Return every line of the records below verbatim, with no pictures in the copy.

• **INFORMATION SHOWN**:
=====

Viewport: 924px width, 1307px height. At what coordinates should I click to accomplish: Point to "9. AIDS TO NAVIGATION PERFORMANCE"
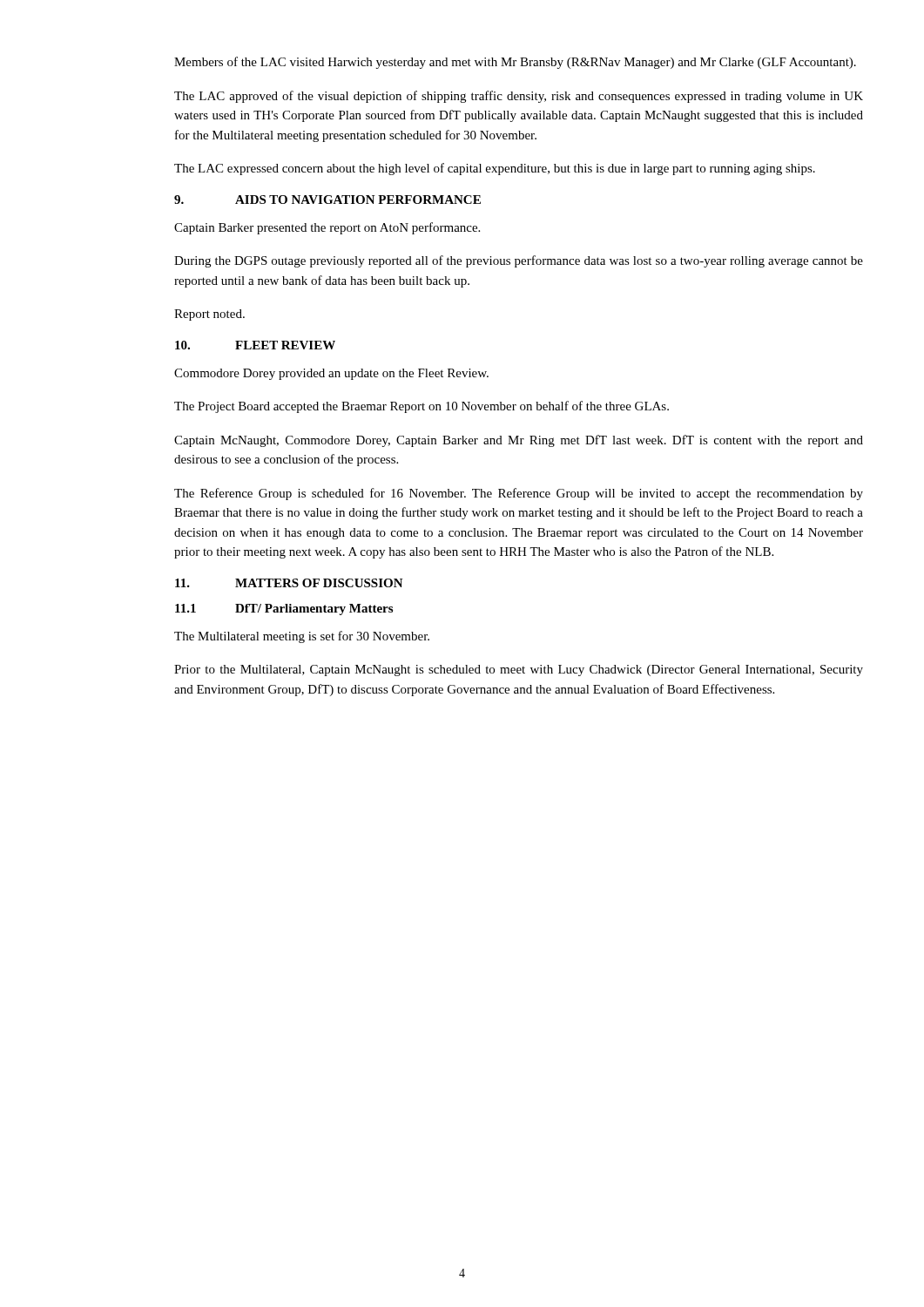point(327,200)
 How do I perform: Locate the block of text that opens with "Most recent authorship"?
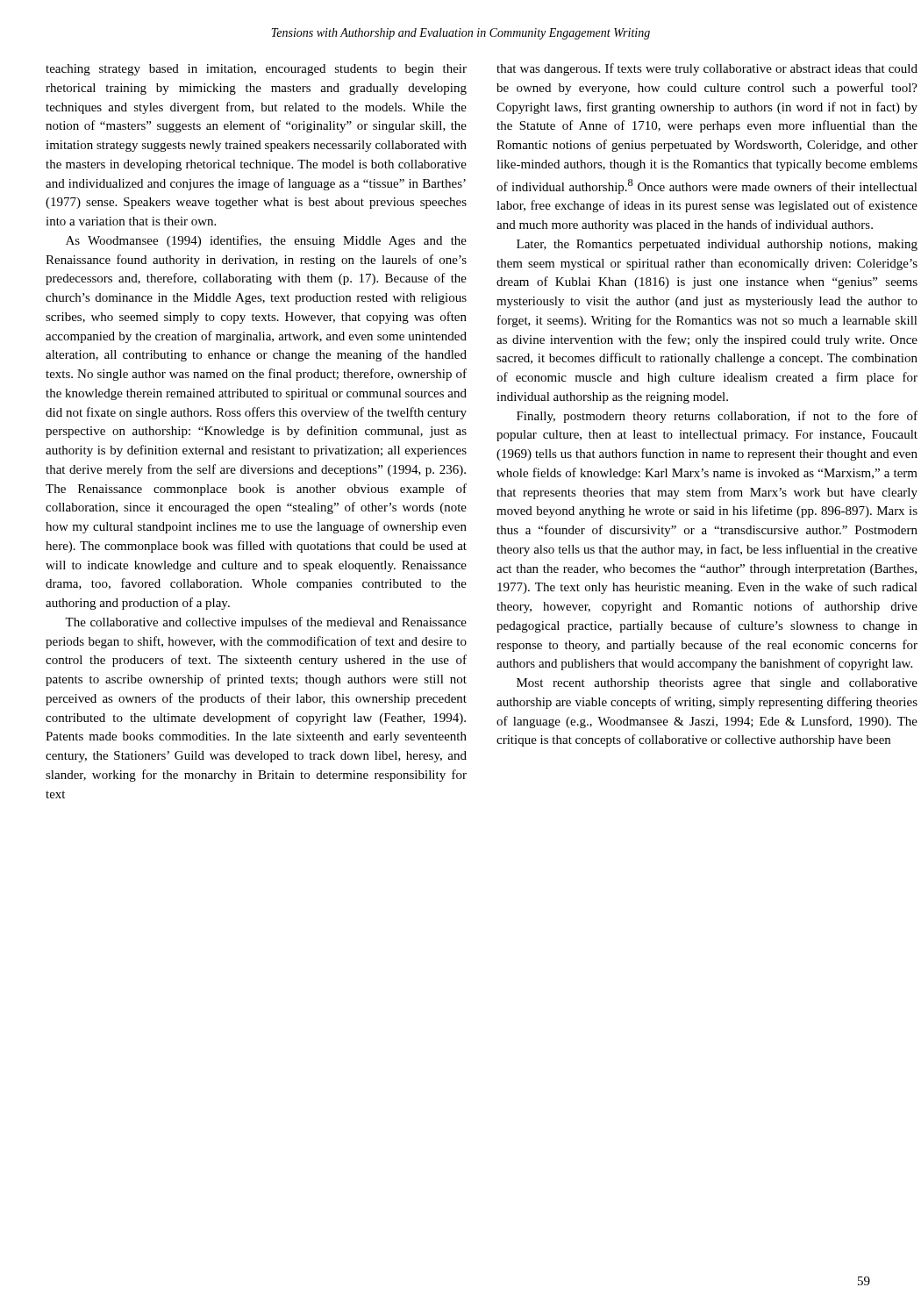[707, 712]
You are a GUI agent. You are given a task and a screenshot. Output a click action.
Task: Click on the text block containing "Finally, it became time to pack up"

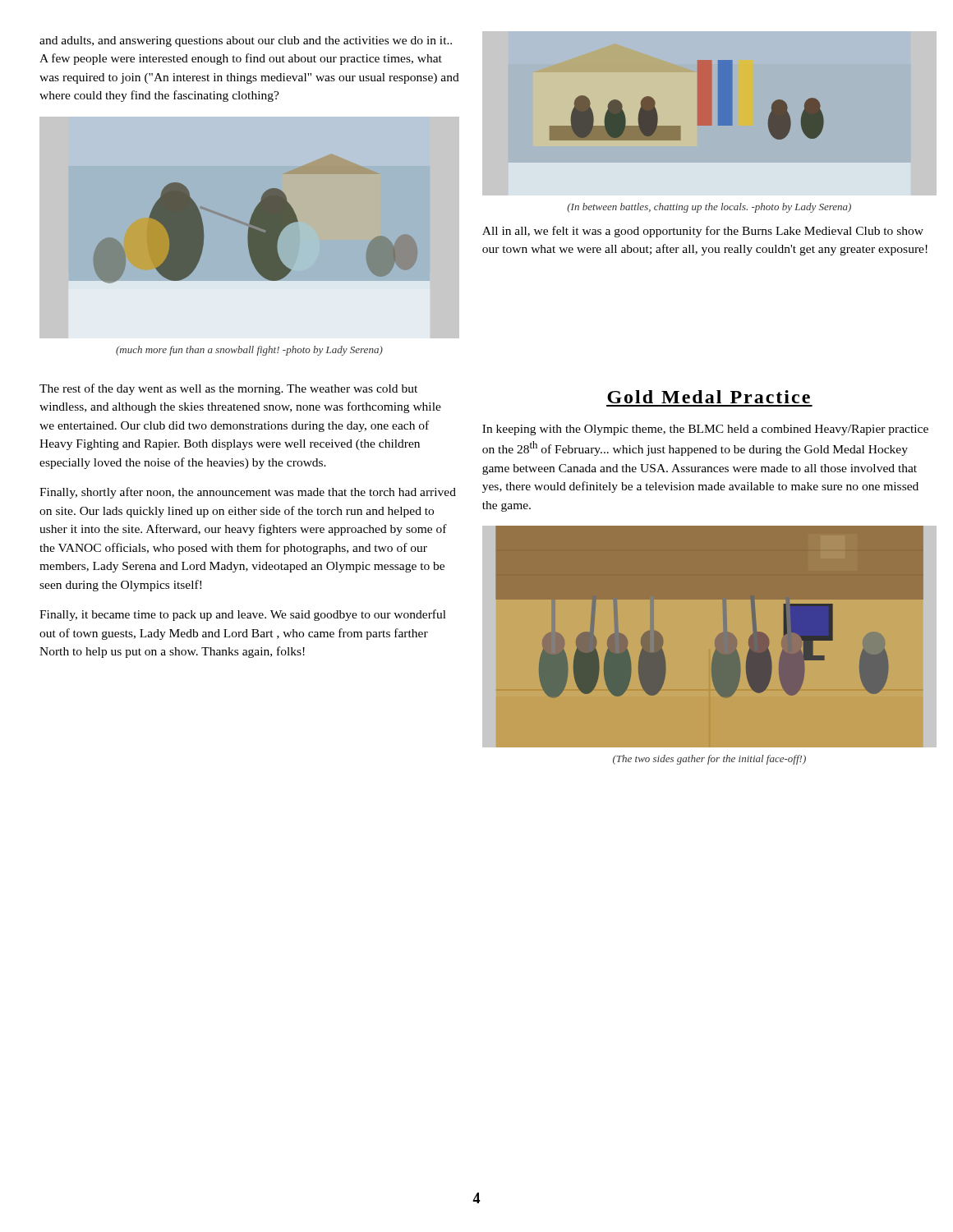[243, 632]

=====

• **RESULT**:
Viewport: 924px width, 1307px height. At what coordinates should I click to accomplish: Point to "9. AIDS TO NAVIGATION PERFORMANCE"
point(327,200)
 How do I perform: Locate the block of text that opens with "Most recent authorship"?
[707, 712]
You are a GUI agent. You are given a task and a screenshot. Output a click action.
Task: Click on the text block containing "Finally, it became time to pack up"

[243, 632]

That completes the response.